Professor Robert J. Pushaw's article, The Original Understanding of Strict Products Liability, (SSRN) is published in the Yale Journal on Regulation, 2 Yale J. On Reg. 1177 (2025). The article examines professor George Priest's historical analysis of strict produts liability for injuries caused by defective products.

Abstract of The Original Understanding of Strict Products Liability

In the 1980s, George Priest published two seminal articles on the intellectual history of strict liability for injuries caused by defective products. First, he demonstrated that the states’ remarkably quick acceptance of such liability starting in the mid-1960s reflected the consensus among prominent legal thinkers of the wisdom of “enterprise liability” theory, which had been developed over the previous three decades primarily by Fleming James, Friedrich Kessler, and William Prosser. This theory proposed that commercial enterprises should be liable to consumers who suffered product-related injuries in order to internalize accident costs to manufacturers and sellers, equitably allocate the risks of such accidents, and protect the public. Second, Professor Priest argued that the “founders” of Section 402A of the Restatement (Second) of Torts (1964), which established strict liability for harms caused by “any product in a defective condition unreasonably dangerous” to a consumer, intended merely to streamline recovery for manufacturing defects. Accordingly, Section 402A’s drafters did not foresee that courts would dramatically enlarge its scope to include design and warning defects. Scholars have generally agreed that Professor Priest presented the definitive intellectual history of strict products liability.
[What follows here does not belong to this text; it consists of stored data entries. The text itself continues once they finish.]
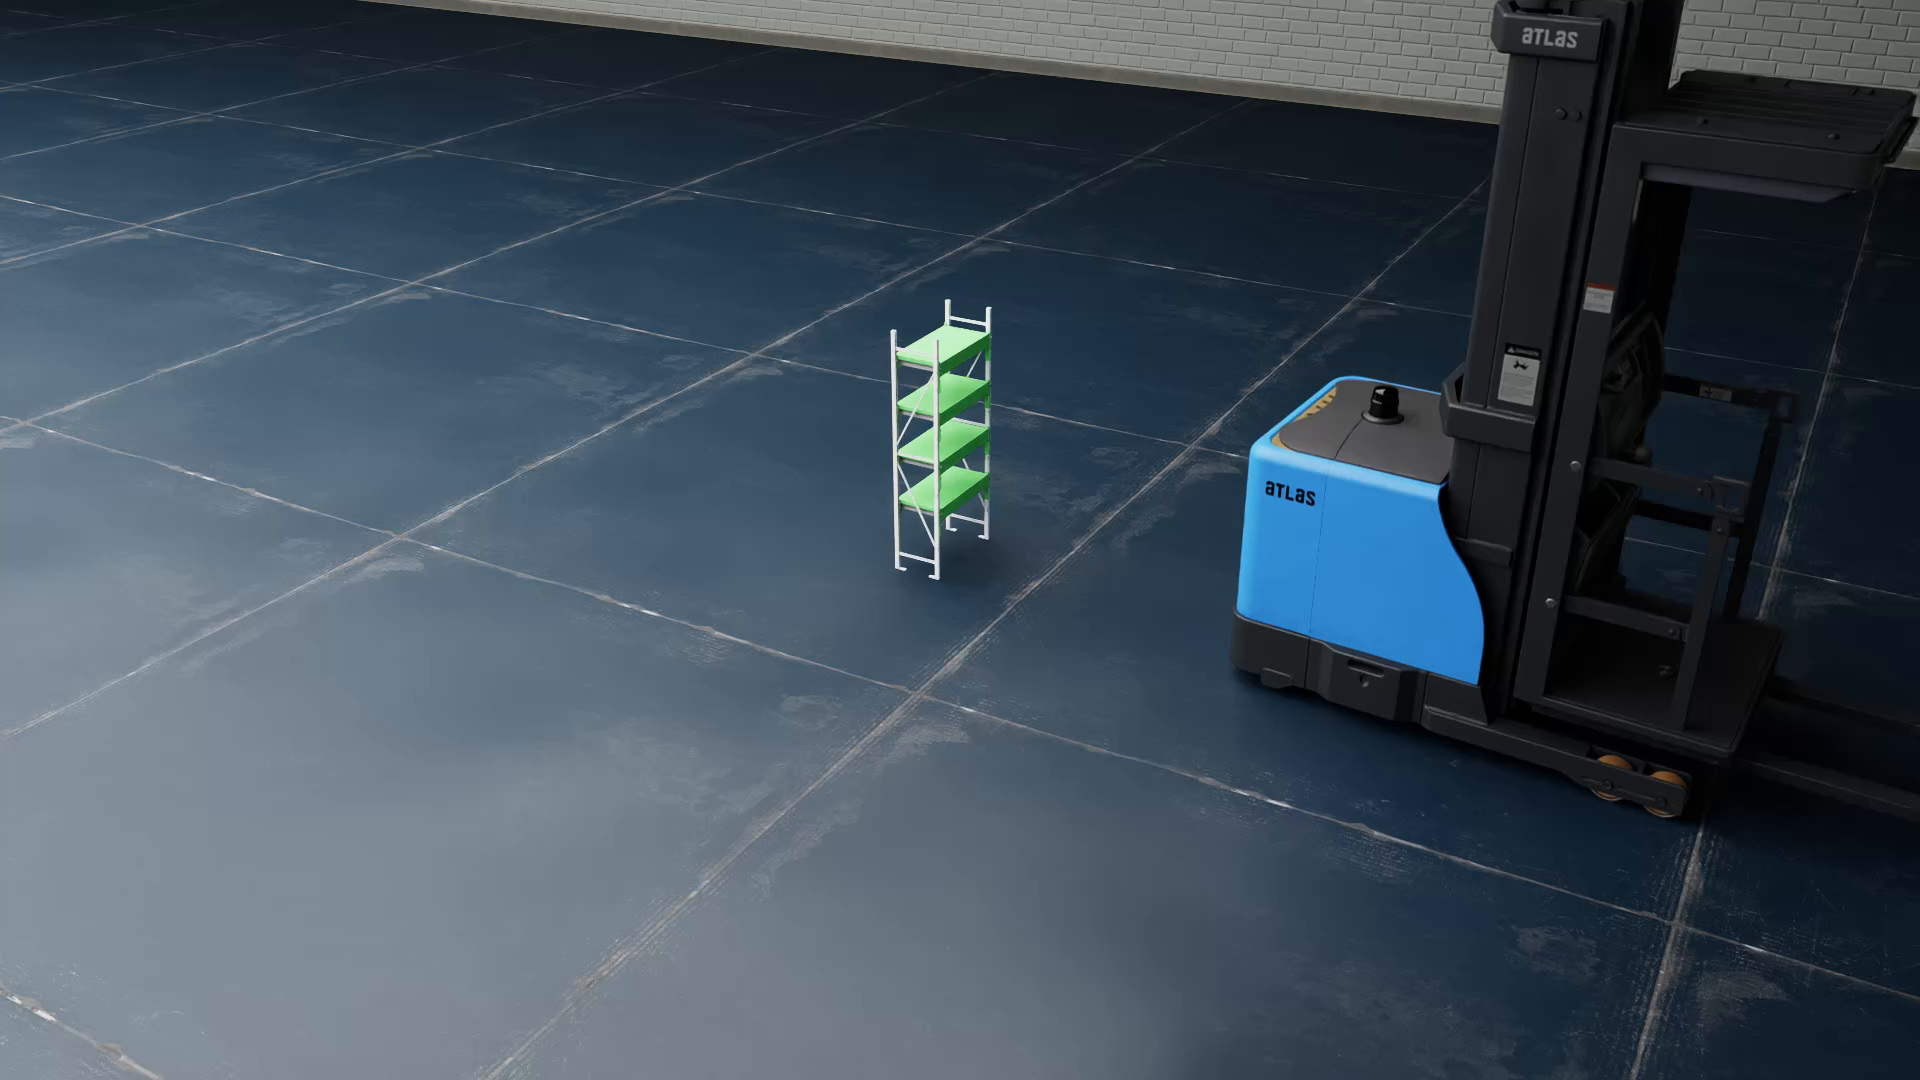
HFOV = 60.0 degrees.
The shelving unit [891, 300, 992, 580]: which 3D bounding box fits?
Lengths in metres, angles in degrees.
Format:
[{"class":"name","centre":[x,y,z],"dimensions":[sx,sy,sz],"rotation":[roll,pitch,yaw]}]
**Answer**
[{"class":"shelving unit","centre":[-0.081,-0.472,7.853],"dimensions":[0.258,1.200,0.503],"rotation":[14,30,26]}]

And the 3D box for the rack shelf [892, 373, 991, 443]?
[{"class":"rack shelf","centre":[-0.081,-0.630,7.774],"dimensions":[0.258,0.148,0.480],"rotation":[14,30,26]}]

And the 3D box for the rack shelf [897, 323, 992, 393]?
[{"class":"rack shelf","centre":[-0.081,-0.844,7.666],"dimensions":[0.258,0.148,0.480],"rotation":[14,30,26]}]

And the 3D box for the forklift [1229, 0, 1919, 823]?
[{"class":"forklift","centre":[2.660,-0.550,6.075],"dimensions":[3.031,2.935,1.130],"rotation":[16,31,29]}]

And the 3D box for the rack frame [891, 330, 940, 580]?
[{"class":"rack frame","centre":[-0.201,-0.377,7.663],"dimensions":[0.240,1.200,0.015],"rotation":[14,30,26]}]

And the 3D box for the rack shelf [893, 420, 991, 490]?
[{"class":"rack shelf","centre":[-0.081,-0.415,7.881],"dimensions":[0.258,0.148,0.480],"rotation":[14,30,26]}]

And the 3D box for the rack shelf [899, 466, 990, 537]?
[{"class":"rack shelf","centre":[-0.081,-0.200,7.989],"dimensions":[0.258,0.148,0.480],"rotation":[14,30,26]}]

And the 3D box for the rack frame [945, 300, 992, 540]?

Nonetheless, various commentators have contended that he (1) overemphasized the impact of James, Kessler, and Prosser; (2) paid insufficient attention to larger political, social, and economic movements that influenced the development of strict liability; (3) did not adequately account for the role of lawyers (as contrasted with scholars and judges) in swiftly implementing such liability; (4) wrongly concluded that Section 402A’s founders intended to limit its application to manufacturing defects; and (5) exaggerated the impact of enterprise liability on tort law developments after 1964. I will try to show that these critics have failed to refute Priest’s historical analysis of strict products liability.